Saved data entries
*** Begin section ***

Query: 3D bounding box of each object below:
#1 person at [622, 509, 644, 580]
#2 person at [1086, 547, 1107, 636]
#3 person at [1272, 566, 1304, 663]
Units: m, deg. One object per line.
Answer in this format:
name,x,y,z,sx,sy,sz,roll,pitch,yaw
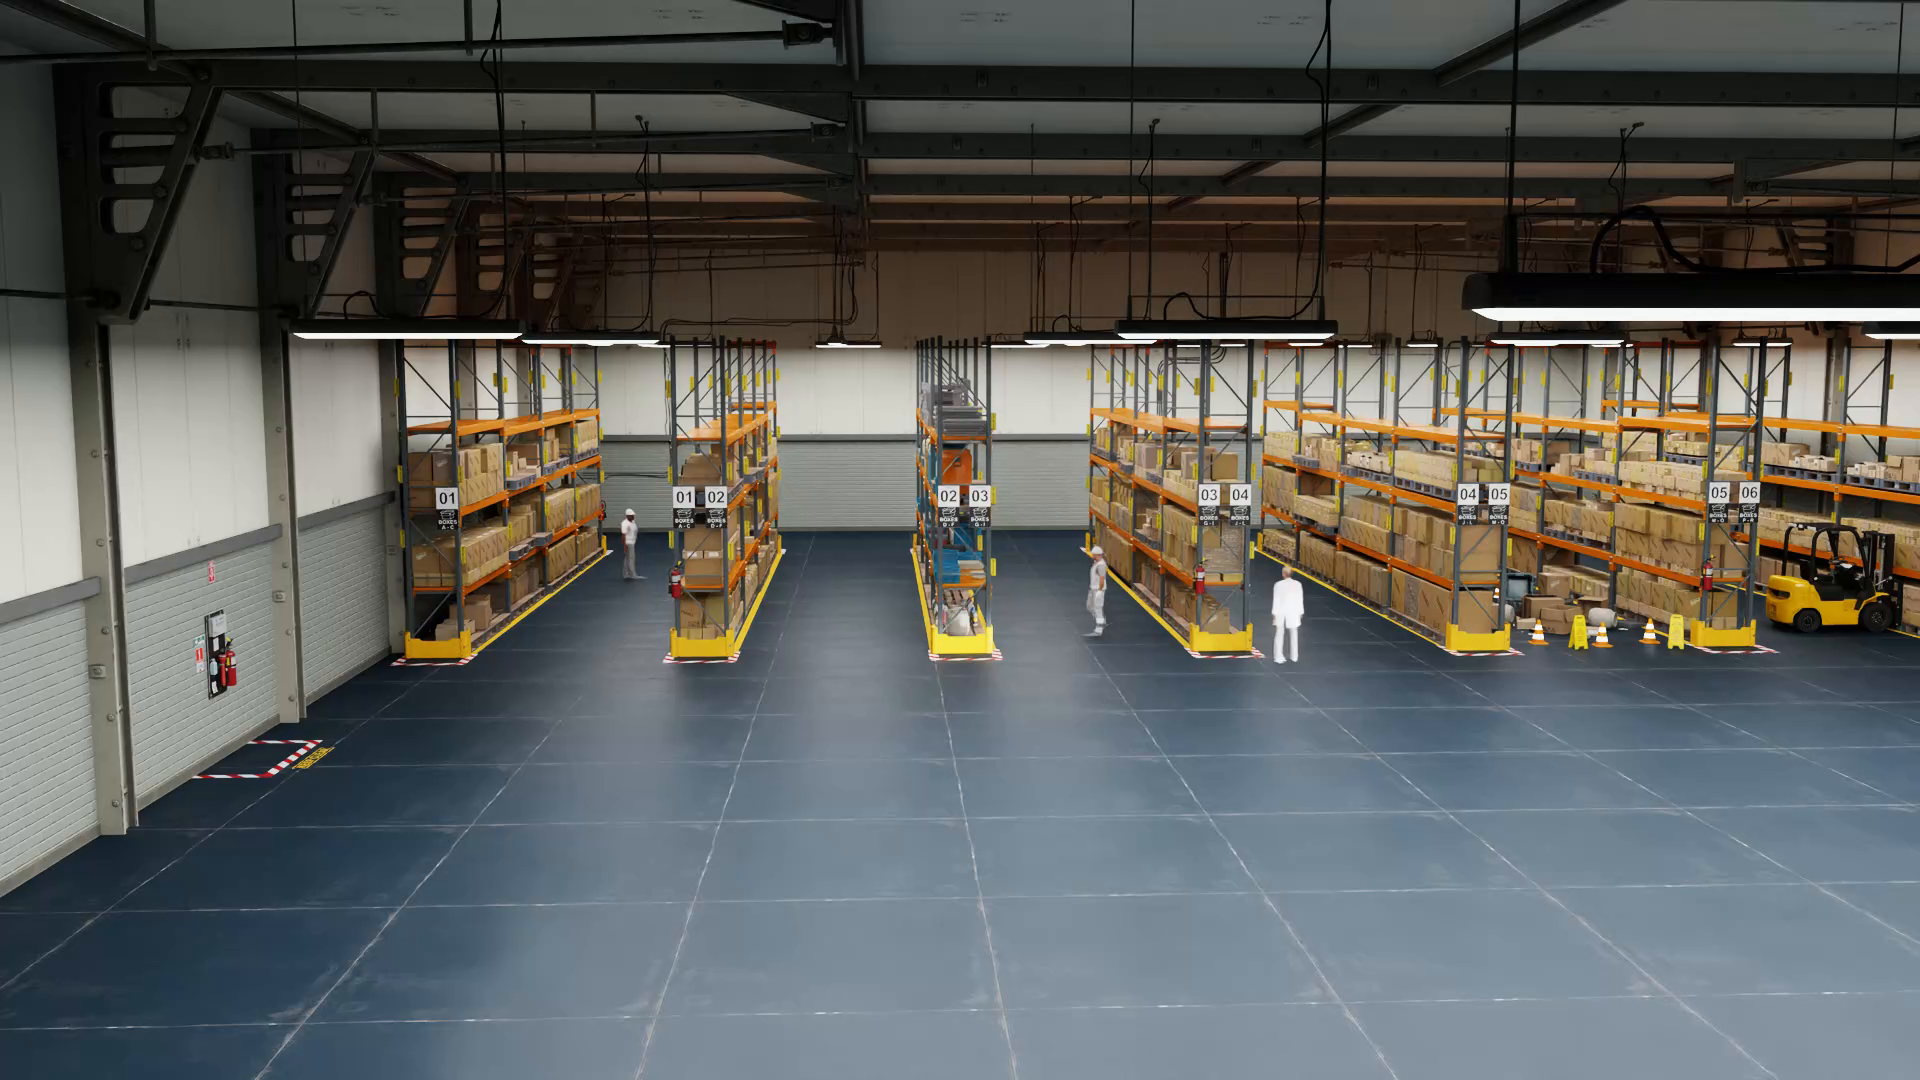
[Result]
person,-8.228,0.092,41.851,0.544,1.763,0.575,0,6,-2
person,2.775,1.021,33.531,0.510,1.789,0.621,-2,7,-13
person,6.076,1.410,30.715,0.551,1.666,0.639,2,7,21

*** End section ***

▶ **Assigned task**: Copy every record exactly, leaving the pictures out.

▶ **Your response**:
Query: 3D bounding box of each object below:
#1 person at [622, 509, 644, 580]
#2 person at [1086, 547, 1107, 636]
#3 person at [1272, 566, 1304, 663]
Units: m, deg. One object per line.
Answer in this format:
name,x,y,z,sx,sy,sz,roll,pitch,yaw
[Result]
person,-8.228,0.092,41.851,0.544,1.763,0.575,0,6,-2
person,2.775,1.021,33.531,0.510,1.789,0.621,-2,7,-13
person,6.076,1.410,30.715,0.551,1.666,0.639,2,7,21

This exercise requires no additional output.